The graph of a twice-differentiable function

[Fatima Hasan]

Homework Statement

How to determine the graph using the properties of a twice-differentiable function ?

Homework Equations

None

The Attempt at a Solution

when x < 2 , y ' > 0 . So, the function is increasing on this interval. But , the correct answer is ( D) and the function is decreasing when x < 2.
Could somebody help me to solve this problem ?
Thank you for your help

 

[phyzguy]

The top line in the problem must be an error. To be consistent with the rest of the problem, it should read x < -2.

 

[Ray Vickson]

Homework Statement

How to determine the graph using the properties of a twice-differentiable function ?
View attachment 217909
View attachment 217910

Homework Equations

None

The Attempt at a Solution

when x < 2 , y ' > 0 . So, the function is increasing on this interval.

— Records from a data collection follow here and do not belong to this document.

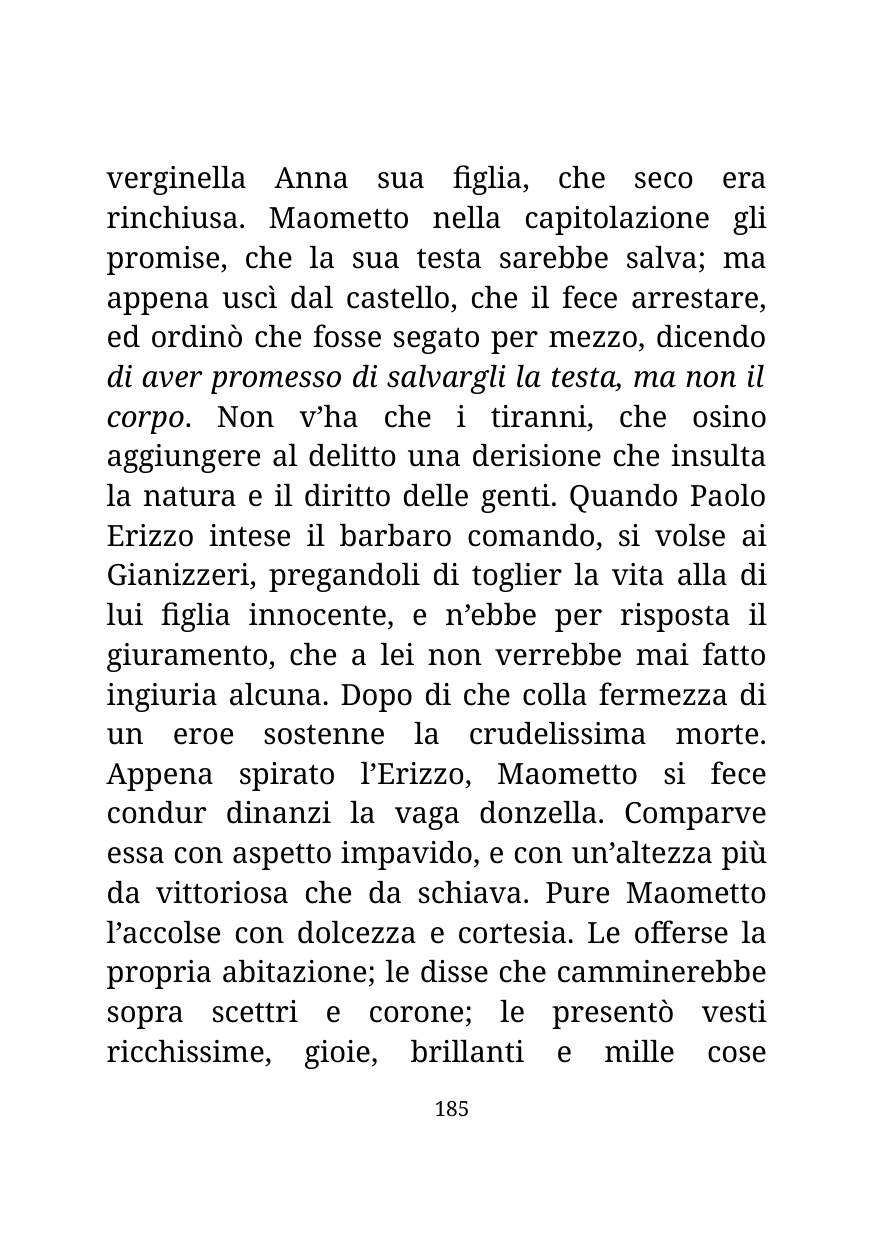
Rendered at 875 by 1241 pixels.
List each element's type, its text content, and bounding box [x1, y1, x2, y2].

text verginella Anna sua figlia, che seco era rinchiusa. Maometto nella capitolazione gli promise, che la sua testa sarebbe salva; ma appena uscì dal castello, che il fece arrestare, ed ordinò che fosse segato per mezzo, dicendo di aver promesso di salvargli la testa, ma non il corpo. Non v’ha che i tiranni, che osino aggiungere al delitto una derisione che insulta la natura e il diritto delle genti. Quando Paolo Erizzo intese il barbaro comando, si volse ai Gianizzeri, pregandoli di toglier la vita alla di lui figlia innocente, e n’ebbe per risposta il giuramento, che a lei non verrebbe mai fatto ingiuria alcuna. Dopo di che colla fermezza di un eroe sostenne la crudelissima morte. Appena spirato l’Erizzo, Maometto si fece condur dinanzi la vaga donzella. Comparve essa con aspetto impavido, e con un’altezza più da vittoriosa che da schiava. Pure Maometto l’accolse con dolcezza e cortesia. Le offerse la propria abitazione; le disse che camminerebbe sopra scettri e corone; le presentò vesti ricchissime, gioie, brillanti e mille cose [106, 158, 768, 1071]
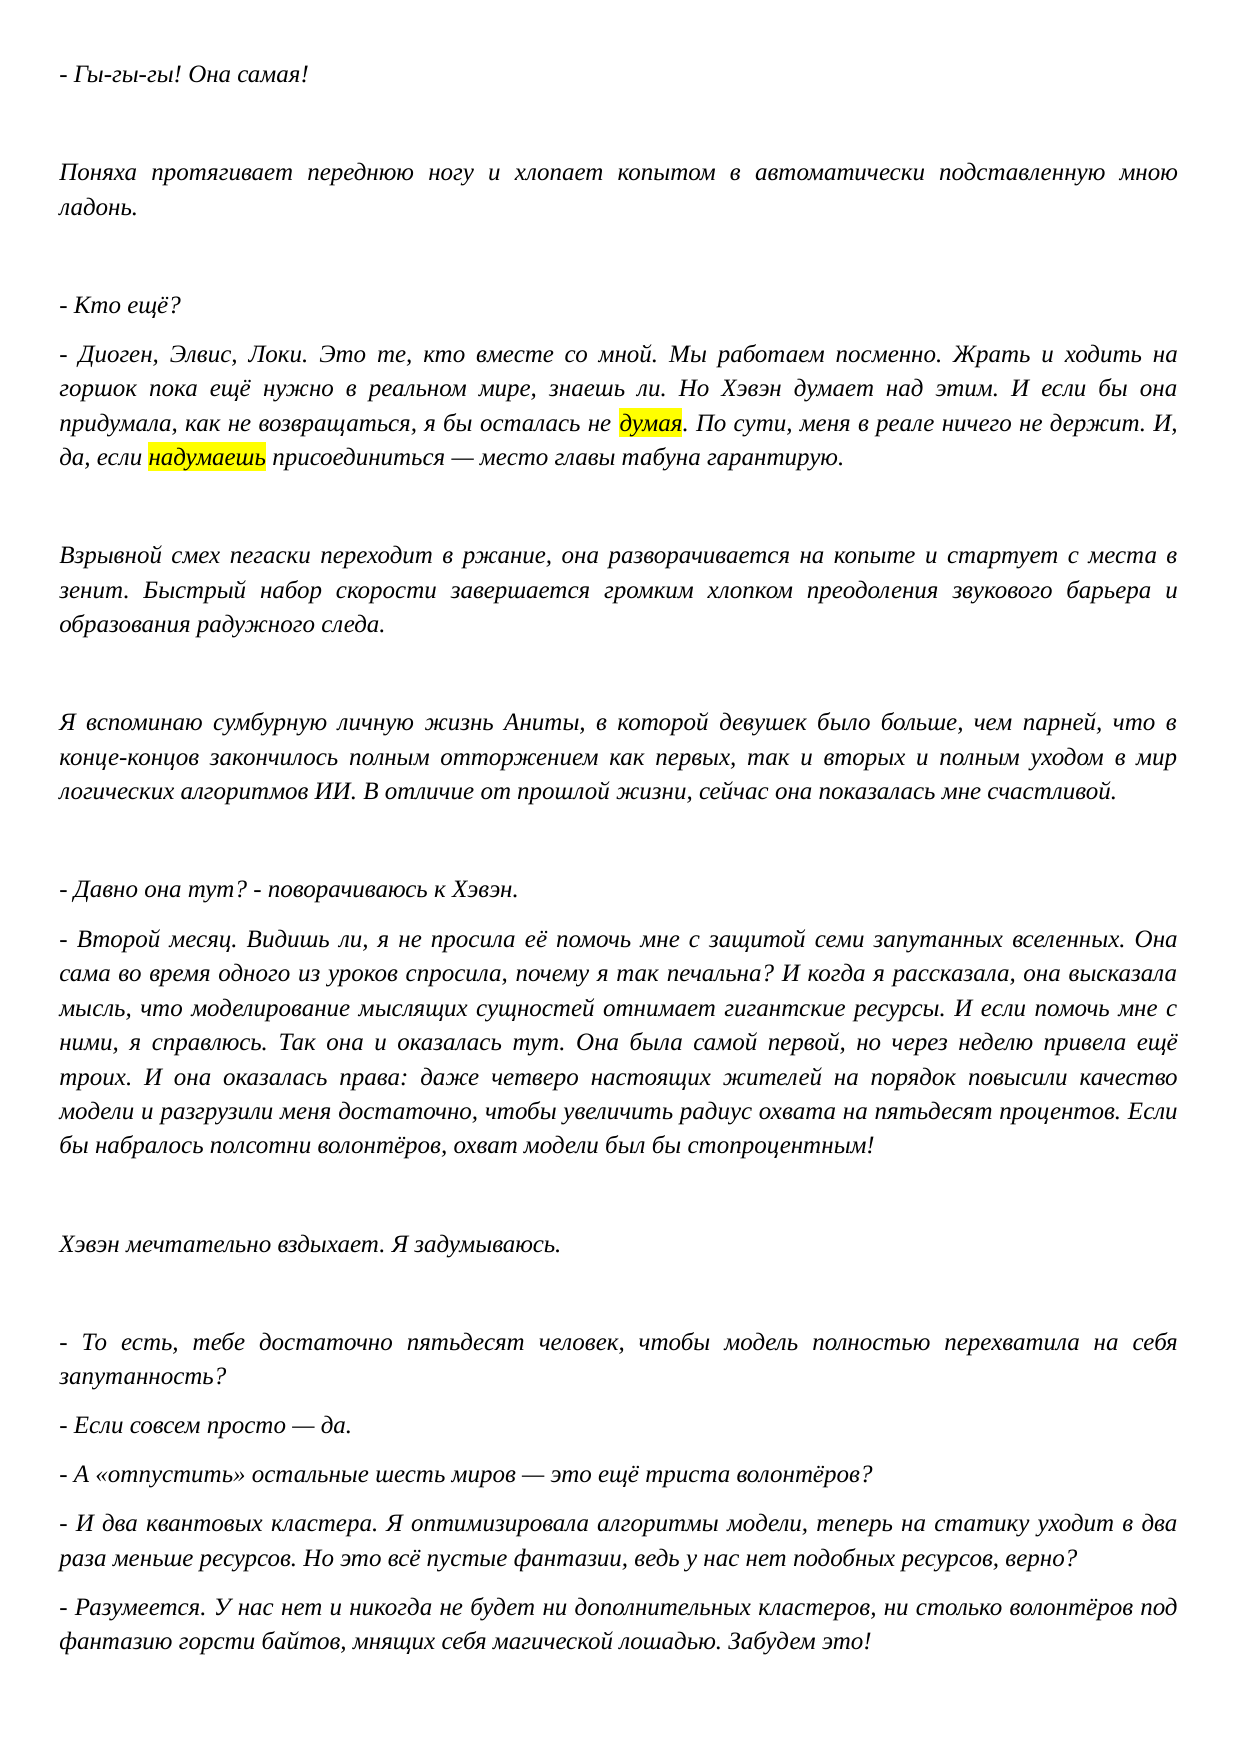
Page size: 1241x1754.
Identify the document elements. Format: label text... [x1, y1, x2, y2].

text - То есть, тебе достаточно пятьдесят человек, чтобы модель полностью перехватила на себя запутанность? [59, 1327, 1181, 1390]
text - Если совсем просто — да. [59, 1410, 1181, 1439]
text - И два квантовых кластера. Я оптимизировала алгоритмы модели, теперь на статику уходит в два раза меньше ресурсов. Но это всё пустые фантазии, ведь у нас нет подобных ресурсов, верно? [59, 1508, 1181, 1572]
text - Давно она тут? - поворачиваюсь к Хэвэн. [59, 874, 1181, 903]
text - А «отпустить» остальные шесть миров — это ещё триста волонтёров? [59, 1459, 1181, 1488]
text Взрывной смех пегаски переходит в ржание, она разворачивается на копыте и стартует с места в зенит. Быстрый набор скорости завершается громким хлопком преодоления звукового барьера и образования радужного следа. [59, 540, 1181, 638]
text - Диоген, Элвис, Локи. Это те, кто вместе со мной. Мы работаем посменно. Жрать и ходить на горшок пока ещё нужно в реальном мире, знаешь ли. Но Хэвэн думает над этим. И если бы она придумала, как не возвращаться, я бы осталась не думая. По сути, меня в реале ничего не держит. И, да, если надумаешь присоединиться — место главы табуна гарантирую. [59, 339, 1181, 471]
text Хэвэн мечтательно вздыхает. Я задумываюсь. [59, 1229, 1181, 1257]
text - Разумеется. У нас нет и никогда не будет ни дополнительных кластеров, ни столько волонтёров под фантазию горсти байтов, мнящих себя магической лошадью. Забудем это! [59, 1592, 1181, 1655]
text Поняха протягивает переднюю ногу и хлопает копытом в автоматически подставленную мною ладонь. [59, 157, 1181, 220]
text - Кто ещё? [59, 290, 1181, 318]
text Я вспоминаю сумбурную личную жизнь Аниты, в которой девушек было больше, чем парней, что в конце-концов закончилось полным отторжением как первых, так и вторых и полным уходом в мир логических алгоритмов ИИ. В отличие от прошлой жизни, сейчас она показалась мне счастливой. [59, 707, 1181, 805]
text - Гы-гы-гы! Она самая! [59, 59, 1181, 88]
text - Второй месяц. Видишь ли, я не просила её помочь мне с защитой семи запутанных вселенных. Она сама во время одного из уроков спросила, почему я так печальна? И когда я рассказала, она высказала мысль, что моделирование мыслящих сущностей отнимает гигантские ресурсы. И если помочь мне с ними, я справлюсь. Так она и оказалась тут. Она была самой первой, но через неделю привела ещё троих. И она оказалась права: даже четверо настоящих жителей на порядок повысили качество модели и разгрузили меня достаточно, чтобы увеличить радиус охвата на пятьдесят процентов. Если бы набралось полсотни волонтёров, охват модели был бы стопроцентным! [59, 924, 1181, 1159]
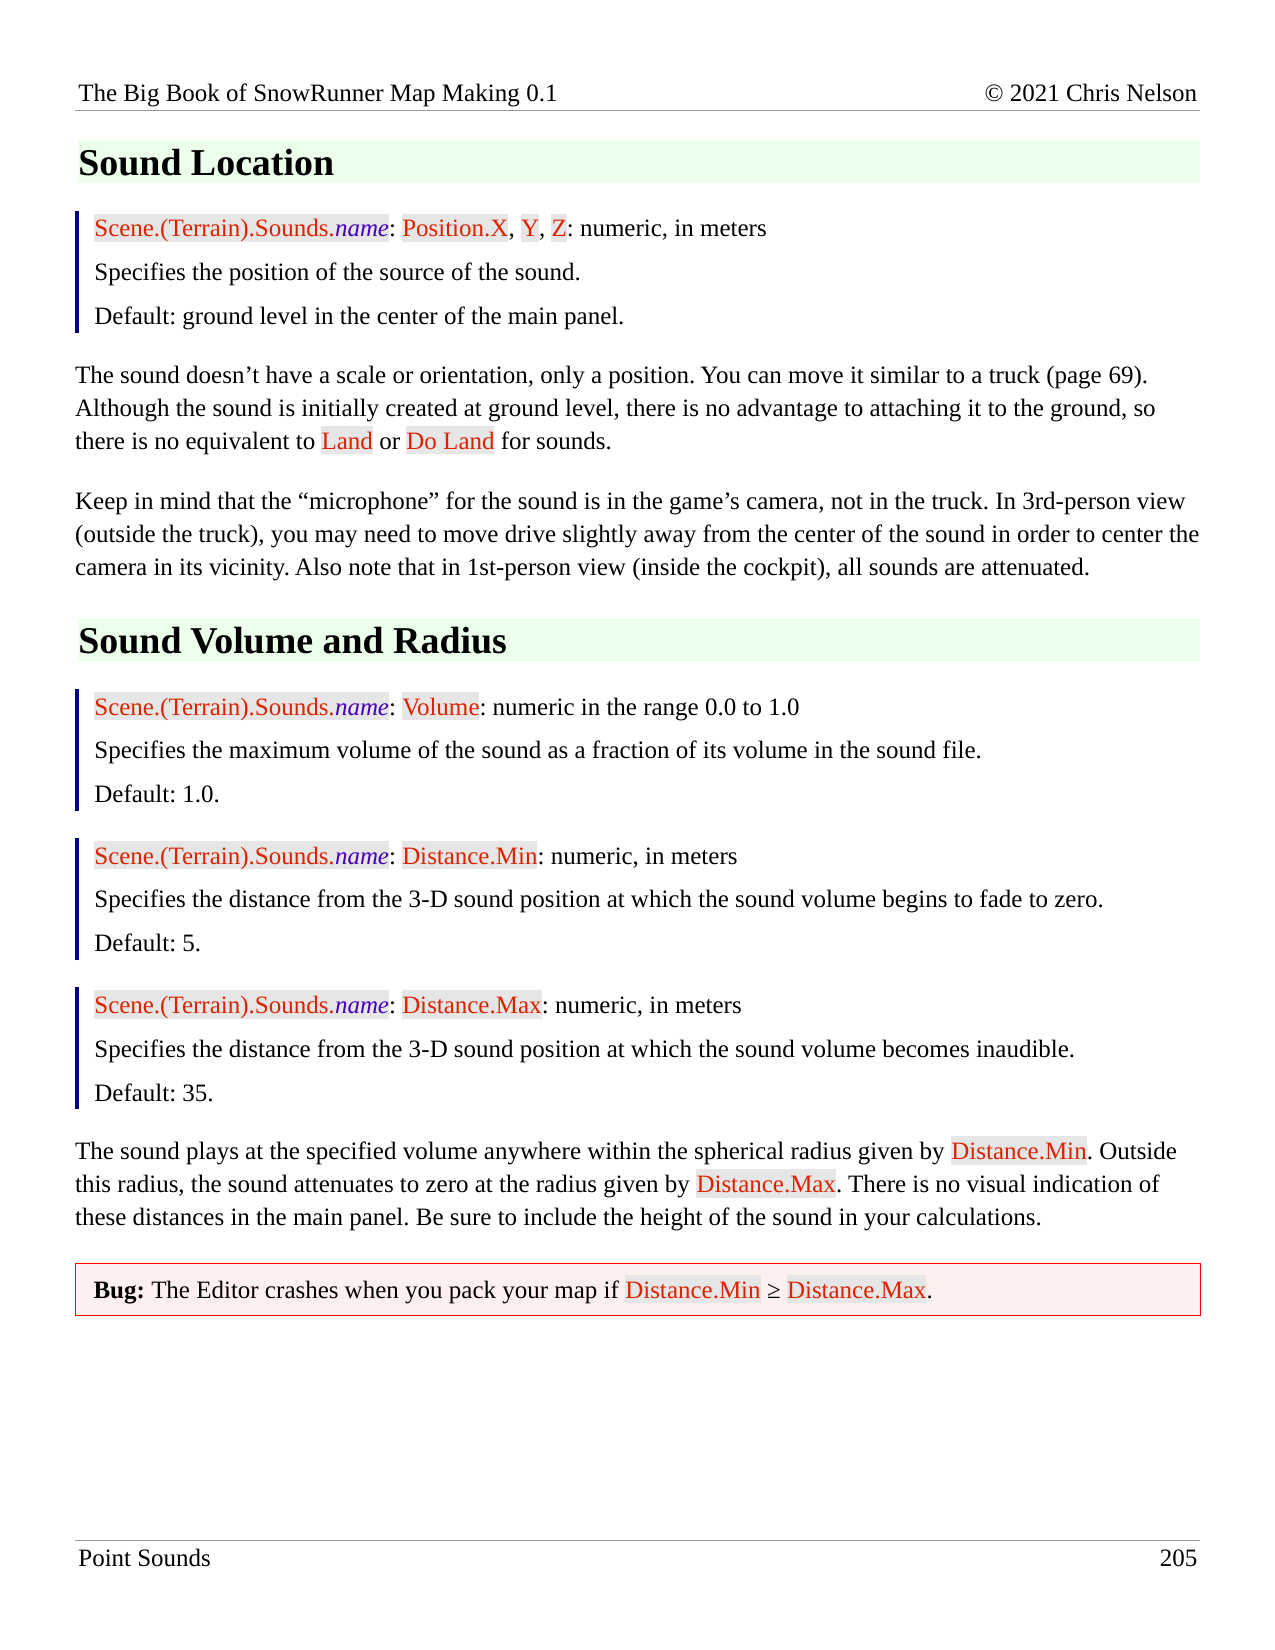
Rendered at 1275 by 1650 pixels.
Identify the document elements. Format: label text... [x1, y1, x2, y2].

text Specifies the position of the source of the sound. [79, 254, 1200, 286]
text Scene.(Terrain).Sounds.name: Position.X, Y, Z: numeric, in meters [79, 211, 1200, 242]
text Specifies the distance from the 3‑D sound position at which the sound volume becomes inaudible. [79, 1031, 1200, 1063]
text Specifies the distance from the 3‑D sound position at which the sound volume begins to fade to zero. [79, 882, 1200, 913]
text Default: 1.0. [79, 776, 1200, 811]
text Scene.(Terrain).Sounds.name: Distance.Max: numeric, in meters [79, 987, 1200, 1019]
text The sound plays at the specified volume anywhere within the spherical radius given by Distance.Min. Outside this radius, the sound attenuates to zero at the radius given by Distance.Max. There is no visual indication of these distances in the main panel. Be sure to include the height of the sound in your calculations. [75, 1136, 1200, 1231]
text Keep in mind that the “microphone” for the sound is in the game’s camera, not in the truck. In 3rd-person view (outside the truck), you may need to move drive slightly away from the center of the sound in order to center the camera in its vicinity. Also note that in 1st-person view (inside the cockpit), all sounds are attenuated. [75, 486, 1200, 581]
text Scene.(Terrain).Sounds.name: Volume: numeric in the range 0.0 to 1.0 [75, 688, 1200, 720]
list The Editor crashes when you pack your map if Distance.Min ≥ Distance.Max. [76, 1264, 1200, 1315]
text Default: 5. [79, 925, 1200, 960]
subtitle Sound Location [78, 140, 1200, 183]
text Default: ground level in the center of the main panel. [79, 298, 1200, 333]
text The sound doesn’t have a scale or orientation, only a position. You can move it similar to a truck (page 69). Although the sound is initially created at ground level, there is no advantage to attaching it to the ground, so there is no equivalent to Land or Do Land for sounds. [75, 360, 1200, 454]
subtitle Sound Volume and Radius [78, 618, 1200, 662]
text Default: 35. [79, 1074, 1200, 1109]
text Scene.(Terrain).Sounds.name: Distance.Min: numeric, in meters [79, 838, 1200, 869]
text Specifies the maximum volume of the sound as a fraction of its volume in the sound file. [79, 732, 1200, 764]

But , the correct answer is ( D) and the function is decreasing when x < 2.
Could somebody help me to solve this problem ?
Thank you for your help

There must be a typographical error in the question: the first line $x < 2 \hspace{2em} y'>0, y''<0$ should read as $x < - 2 \hspace{2em} y'>0, y''<0$.

Can you see why the original printed form (with $x < 2$ instead of $x < -2$) does not make sense?

 

[fresh_42]

There is probably a typo in the first line. I think it should be $x<-2$, because otherwise it would contradict the following conditions. Thus it is increasing left of this point, which excludes A and B. The distinction between C and D is then done by the values at the extremes.